Моряков и Вацлав отстреливались до самого утра следующего дня. Боеприпасов для старенького ружья оказалось преизрядно, они стреляли по очереди, потому что патроны для милицейского нагана иссякли очень быстро.
Забравшись к слуховому окошку пристройки к чердаку, некогда выполнявшей роль голубятни, Федор стрелял на все четыре стороны, крича во всю глотку:
- А! Немчура! Подходи! Мочи козлов!
- Мочи козлов! - соглашался с ним Вацлав, обеспечивавший перезарядку ружья и снабжение водой.
Когда пуля снайпера перебила ему руку, Федор принялся воевать один. Несмотря на перевязку и установленную шину, Вацлаву сделалось плохо, и он понимал, что лучше уже не будет.
Потом, ближе к полудню, 24 апреля, финские егеря, наконец, ворвались в дом и обнаружили там двух окровавленных человек, уже неспособных держать оружие. Их выволокли во двор, где начали укладывать рядком десяток погибших в этой перестрелке солдат. Тотчас решили: застрелить всю "красную сволочь", не терять время с вешанием.
- Погоди, - прохрипел финну Моряков и дернул головой. - Эй, а сабля у тебя откуда?

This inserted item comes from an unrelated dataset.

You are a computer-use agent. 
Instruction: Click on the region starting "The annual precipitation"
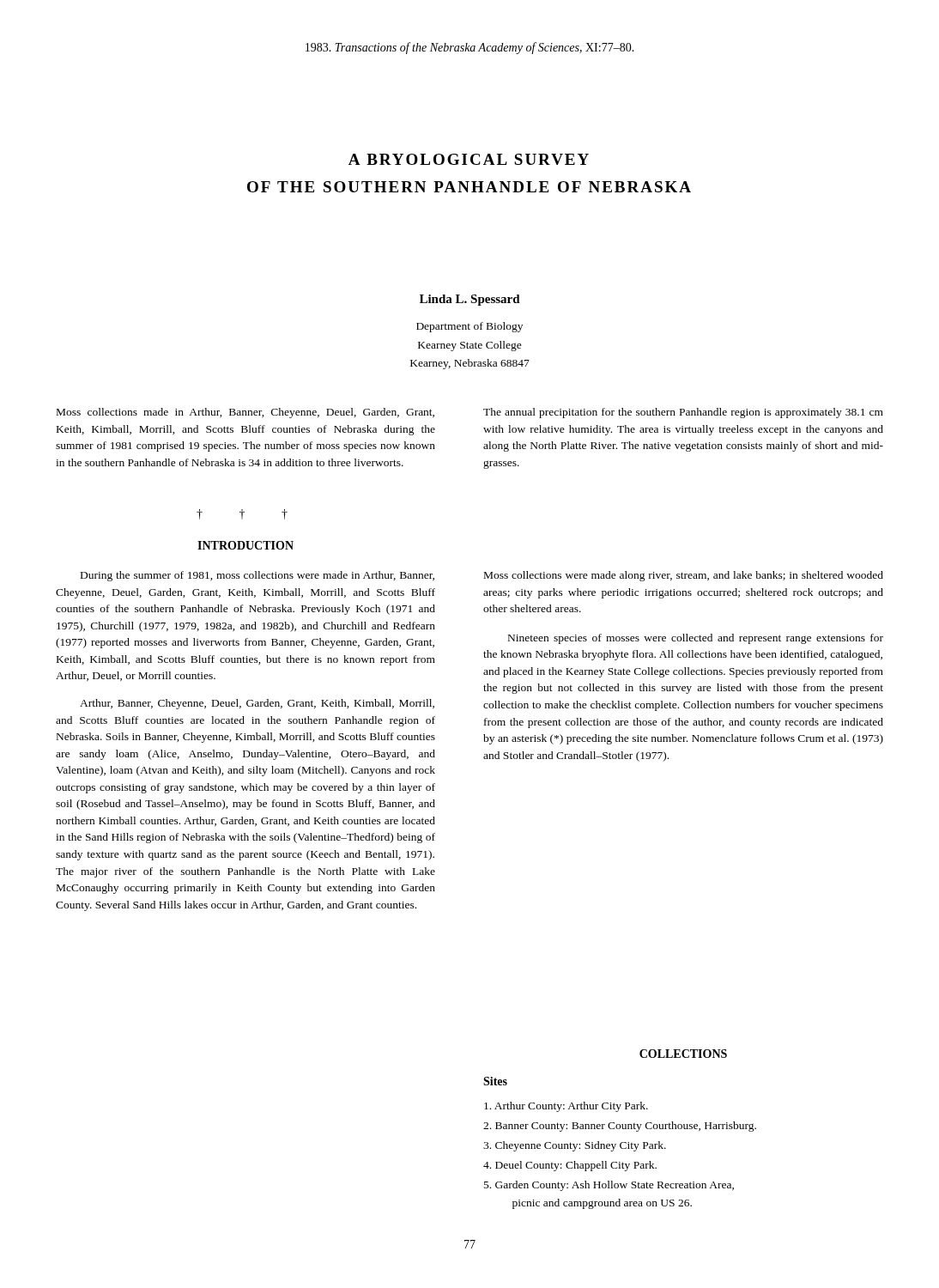683,437

- Семейная реликвия, - еле размыкая окровавленные губы, ответил Вацлав.
Тут их и расстреляли, точнее - пристрелили, потому что ни карел, ни чех стоять на ногах не могли.
Над землей бушуют травы.
Облака плывут кудрявы.
И одно - вон, то, что справа,
Это я.
Это я. И нам не надо славы.
Мне и тем, плывущим рядом.
Нам бы жить - и вся награда.
Но нельзя (В. Егоров "Выпускникам 41").
Любая власть считает себя таковой лишь в том случае, если умеет карать и никогда никого не оставляет безнаказанным.
Продвижение AVA в Карелию было быстрым, но не очень. Очень сильное организованное сопротивление оказали пограничники и, на удивление, лыжная рота красных финнов. Бились яростно и жестко: раненные сражались до тех пор, пока не переставали быть таковыми. Из боя выходили только убитые.

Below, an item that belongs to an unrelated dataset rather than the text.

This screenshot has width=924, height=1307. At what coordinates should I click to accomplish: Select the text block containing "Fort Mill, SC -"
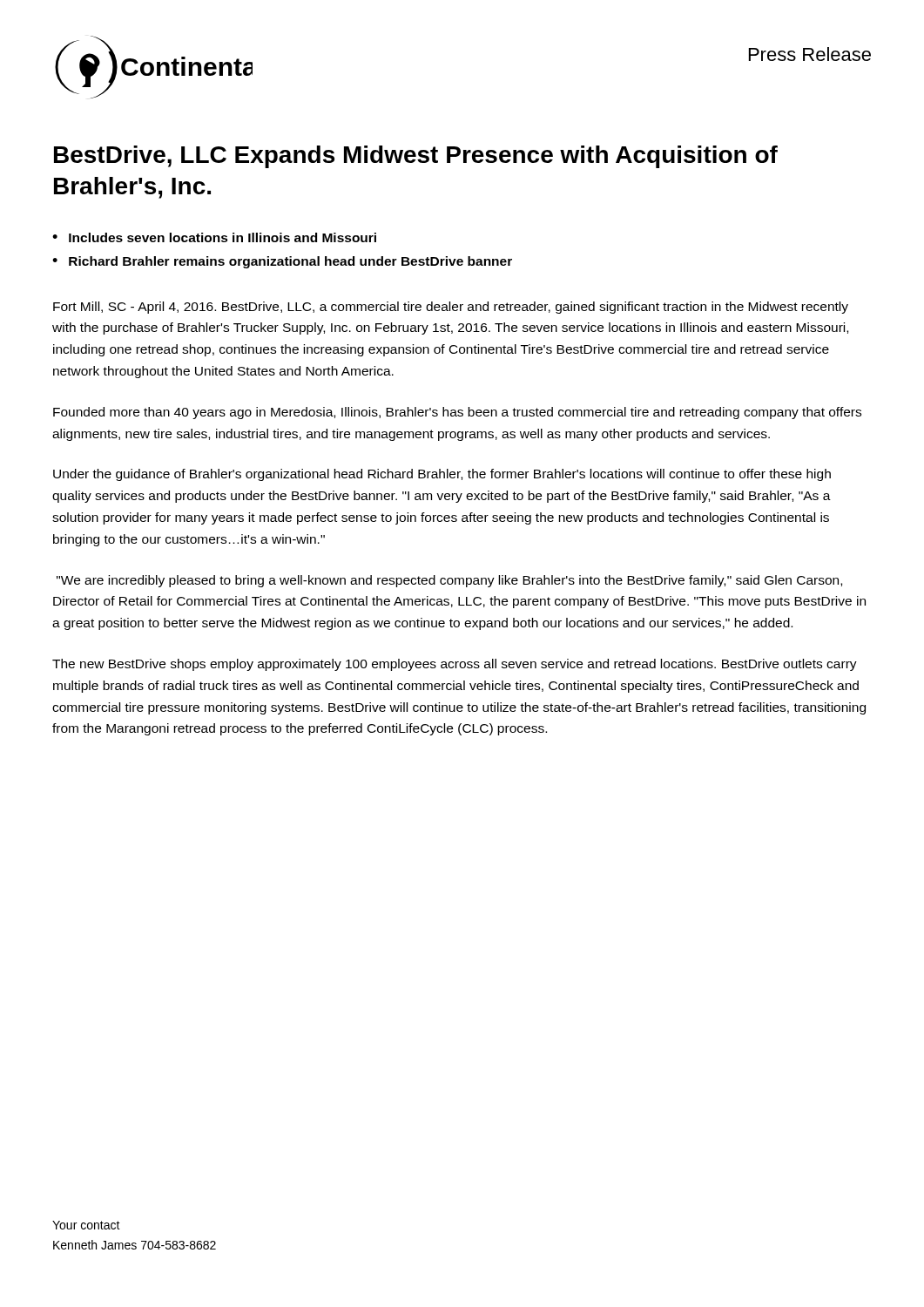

Красногвардейцам не хватало оружия, в то время как егеря были вооружены всем, чего можно было пожелать - разве что атомной бомбы с собой не было. Но разве в вооружении дело?

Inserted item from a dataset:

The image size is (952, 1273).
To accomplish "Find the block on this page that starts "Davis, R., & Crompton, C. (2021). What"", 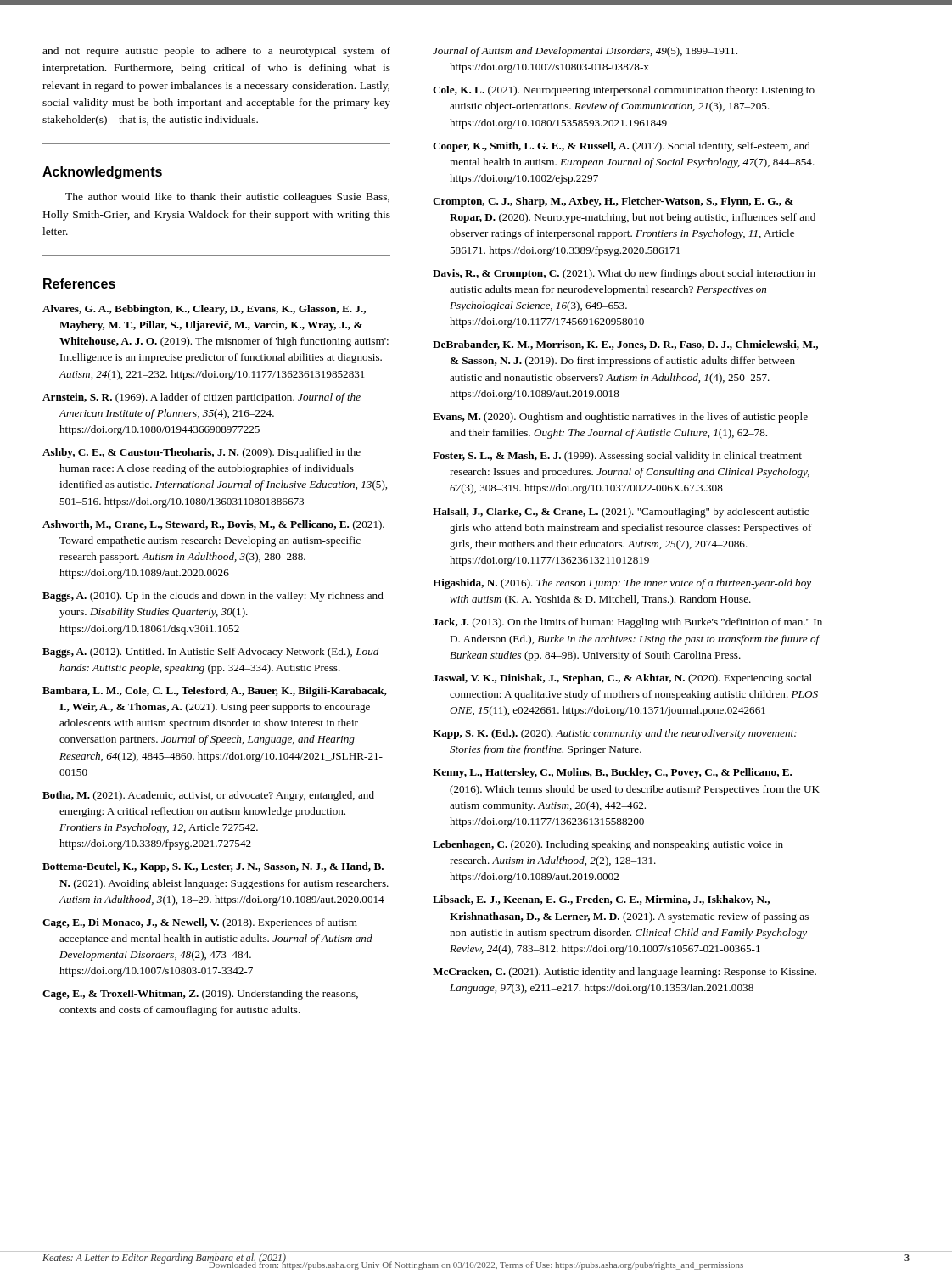I will pyautogui.click(x=624, y=297).

Люди бились за свою мечту, потому что каждый видел Россию по-своему. Финны несли старый порядок, а он уже никого не устраивал. Лахтарит (мясники) своим пренебрежительным отношением к карелам вызывали такое противодействие, что если бы Маннергейм, либо кто там из главных буржуев еще, увидели с какой несгибаемой отвагой бьются практически голыми руками парни из карельских деревень, они бы пустили по щекам скупые мужские слезы и дрожащими голосами произнесли: "Гвозди бы делать из этих людей - не было бы в мире больше гвоздей". Или что-то подобное, но обязательно про "несгибаемую отвагу".